HP is asking me to upgrade to VC FW 3.70 and now admits there's a"DSS (direct) communication problem between OA and VCM". They now have 2 support engineers from BladeSystem + Networking depts looking at the issue. I've also told them the same errors appear on FW 3.70.
If this happens to anyone out there, you can always reference my case #4693499393.
Oh by the way I've checked all our OAs and VCs IPs, they're all unique and statically assigned, no conflict on the horizon.
03-14-2013 06:19 AM
Please check all the VC downlink port statistics from Bay1/bay2 & look for Dot3InPauseFrames. If you notice any high number of Dot3InPauseFrames. Refer the below advisory :
Advisory: (Revision) HP Virtual Connect - Servers Transmitting Excessive Pause Frames May Cause Virtual Connect Uplink Port To Experience Channel Flapping, Stacking Link Removal and Server Communication Loss:
Get the NIC Firmware/driver updated to the recommended version listed in the advisory. You can also check the below advisory.
Advisory: HP ProLiant Servers - HP NC55x Network Adapters Using Firmware Older Than Version 4.1.450.7 May Experience Continuous Pause Frames :
Notice: BladeSystem c-Class Server Blades: NC532i/NC532m Network Adapters - Optimizing Network Performance Under Windows Server When the MTU is Set to 5000 Bytes (or More) and PAUSE Frames Are Enabled :
08-22-2013 07:54 AM - edited 08-22-2013 08:16 AM
Wondering if any of the folks experiencing this have found a resolution? We're experiencing the same problem with VC FW 3.70/OA FW 3.60 in an environment with 3 linked chassis. Interestingly enough, we have a test environment with 2 chassis and the same FW versions that has never experienced the issue. Both have inter-chassis stacking links setup per the best practices guides, etc.
I was thinking of upgrading both OA/VC FW, but it sounds like VC FW 3.75 still exhibits the issue. We've got an open case with HP at the moment and yesterday they swapped an OA (problem still occurred last night, after the swap.)
Has anyone tried VC FW4.01? This seems a bit to early for a production release, but we need this issue resolved. As stated earlier in the thread - the majority of the time this has no impact on the blades. The one time it did impact things it tore down an entire Oracle RAC cluster :(
08-22-2013 06:36 PM
What fixed the problem for us was to upgrade all chassis to v3.70 and all the blades (FW + Drivers) to the corresponding SPP (2012.10) version. For ESX servers I have looked at the Solution Recipe documents from HP-VMware to make sure all firmware/driver versions are aligned.

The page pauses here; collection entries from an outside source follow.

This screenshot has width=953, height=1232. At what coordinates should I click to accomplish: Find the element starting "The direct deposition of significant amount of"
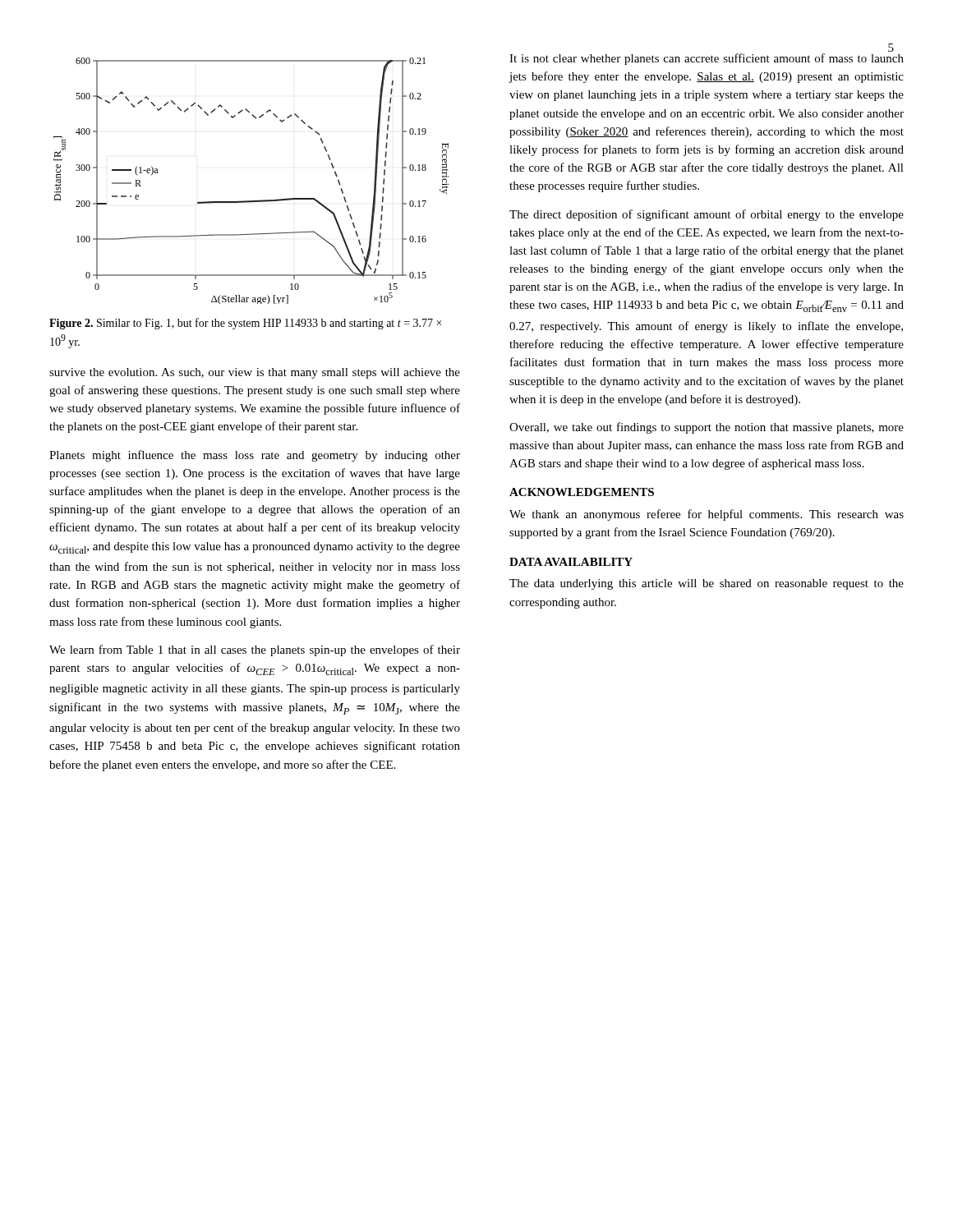[x=707, y=306]
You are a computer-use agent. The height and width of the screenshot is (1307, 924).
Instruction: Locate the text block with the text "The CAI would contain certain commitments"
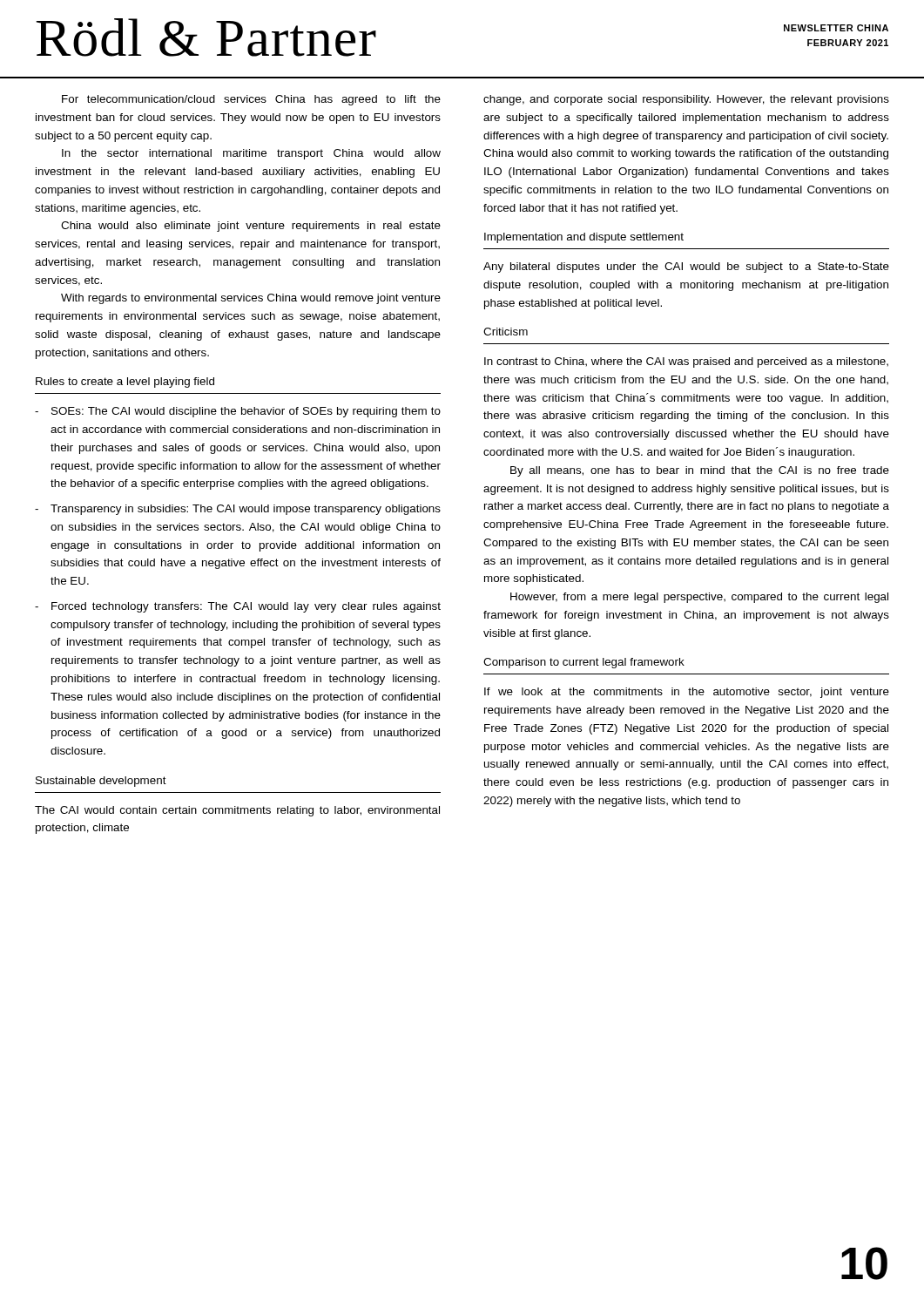click(x=238, y=819)
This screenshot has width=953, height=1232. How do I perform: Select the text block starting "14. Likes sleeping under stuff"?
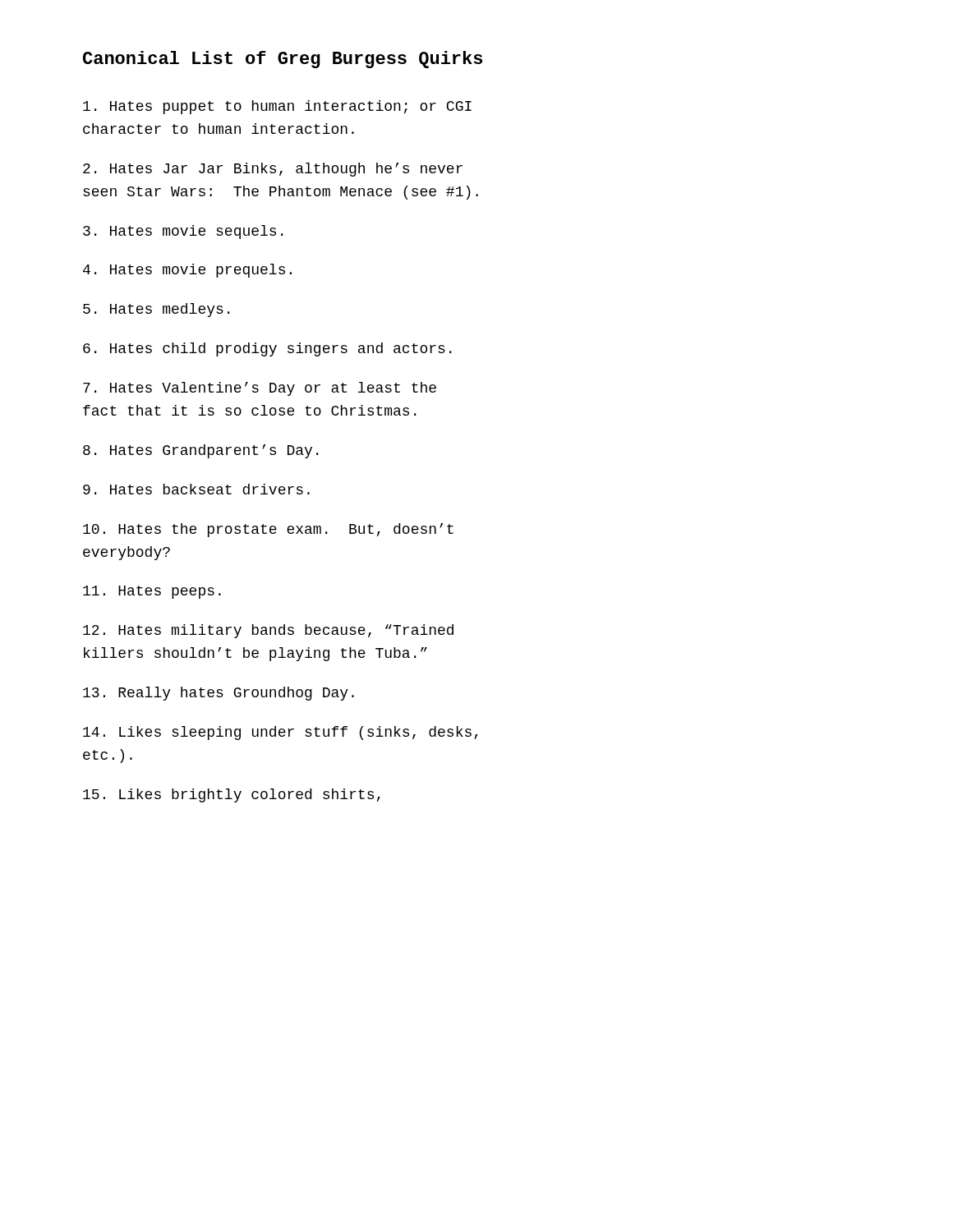point(282,744)
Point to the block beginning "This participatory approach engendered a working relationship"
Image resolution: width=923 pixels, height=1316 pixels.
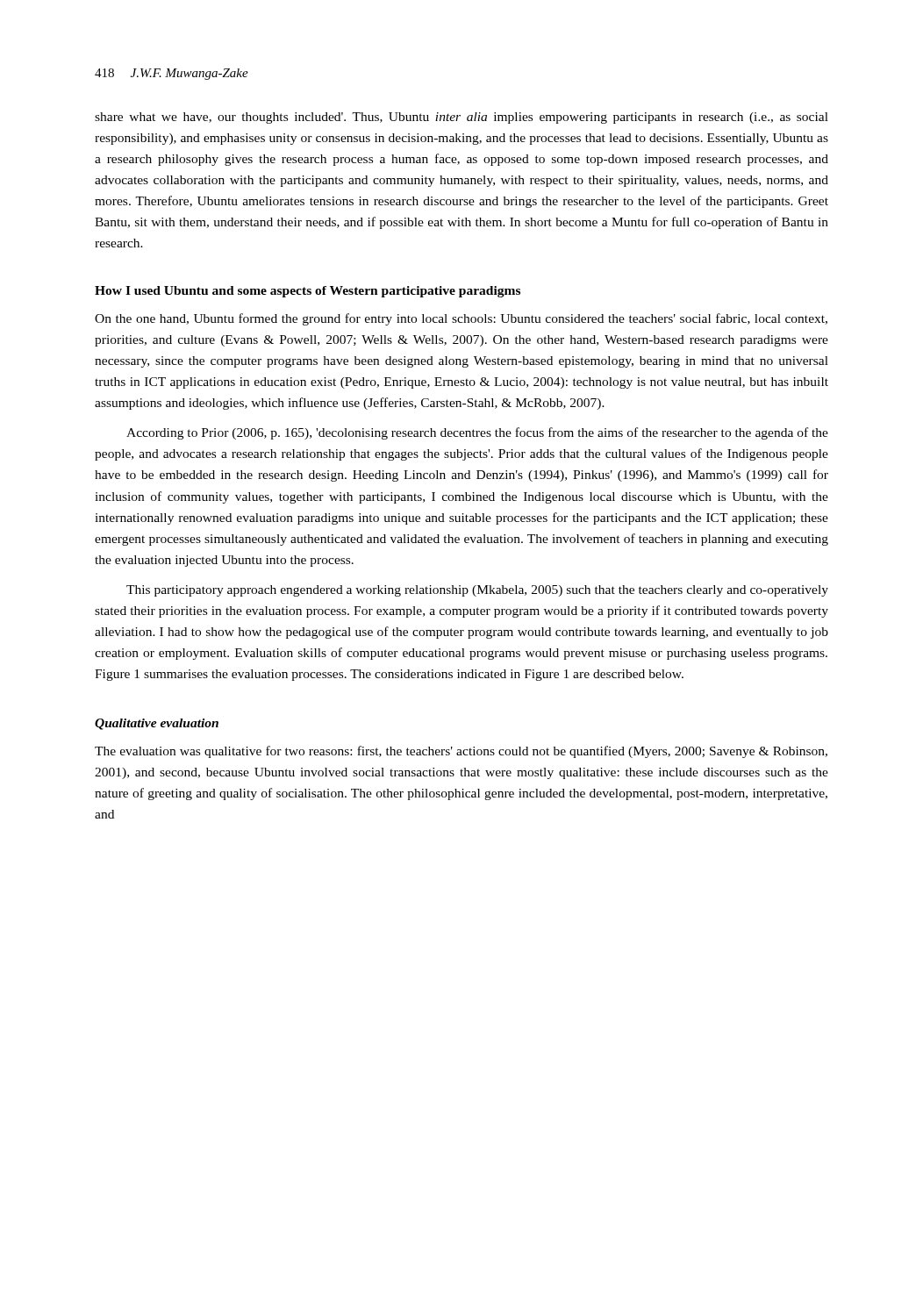462,631
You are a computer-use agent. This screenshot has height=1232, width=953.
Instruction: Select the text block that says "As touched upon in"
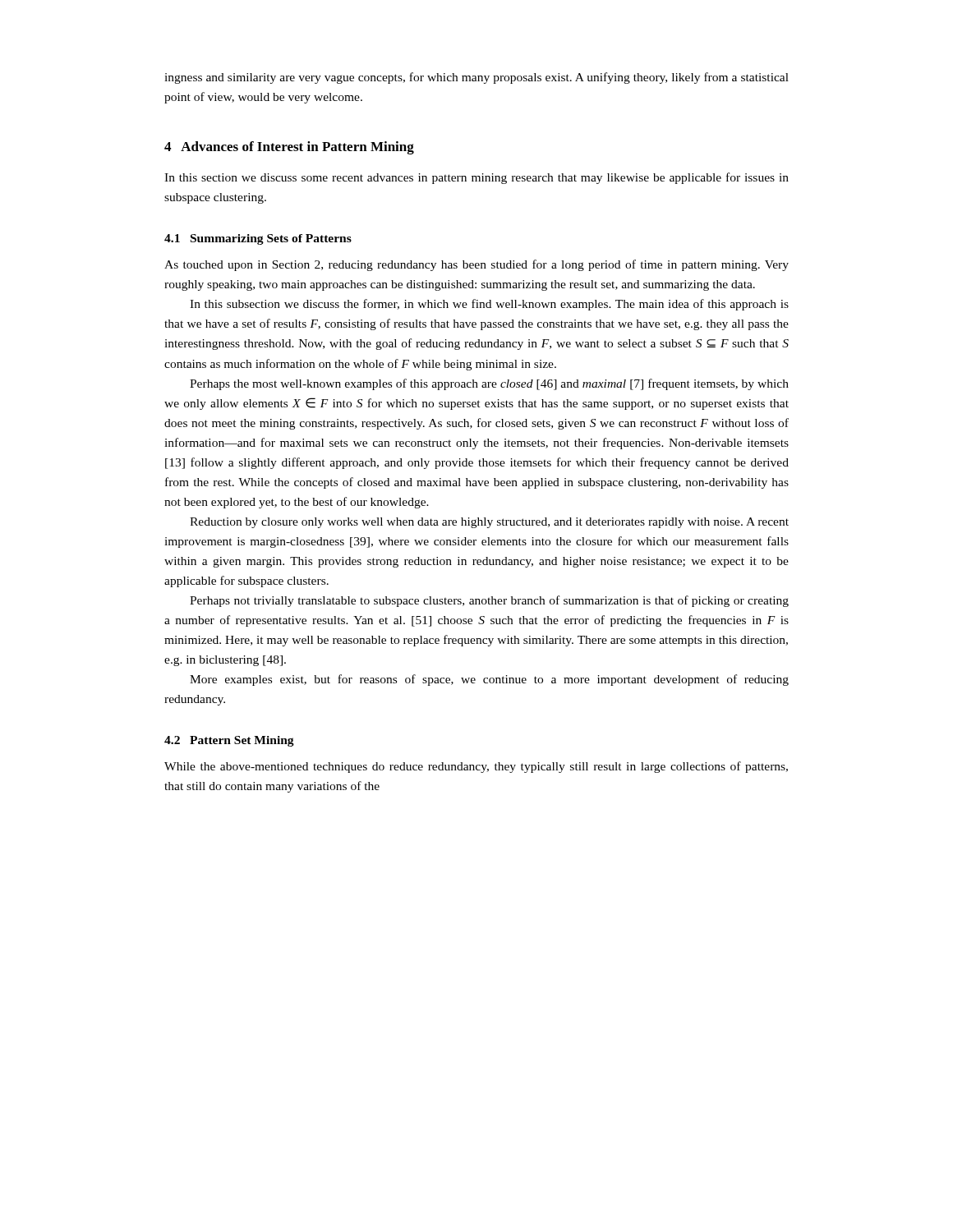coord(476,482)

I have to say it's been very stable for months now.
10-18-2013 07:26 AM
We are still seeing this as well on different platforms. We see this on a VC 1/10 platform that is updated to 3.60 as well as a 3.70 Flex 10 platform. On my 1/10 platform all of the VC's disconnect and reconnect from the network. So for HP and Cisco have found nothing to suggest a cause. No Pause Frames, and NLP is disabled. No duplicate IP's either.
Any suggestions would be appreciated.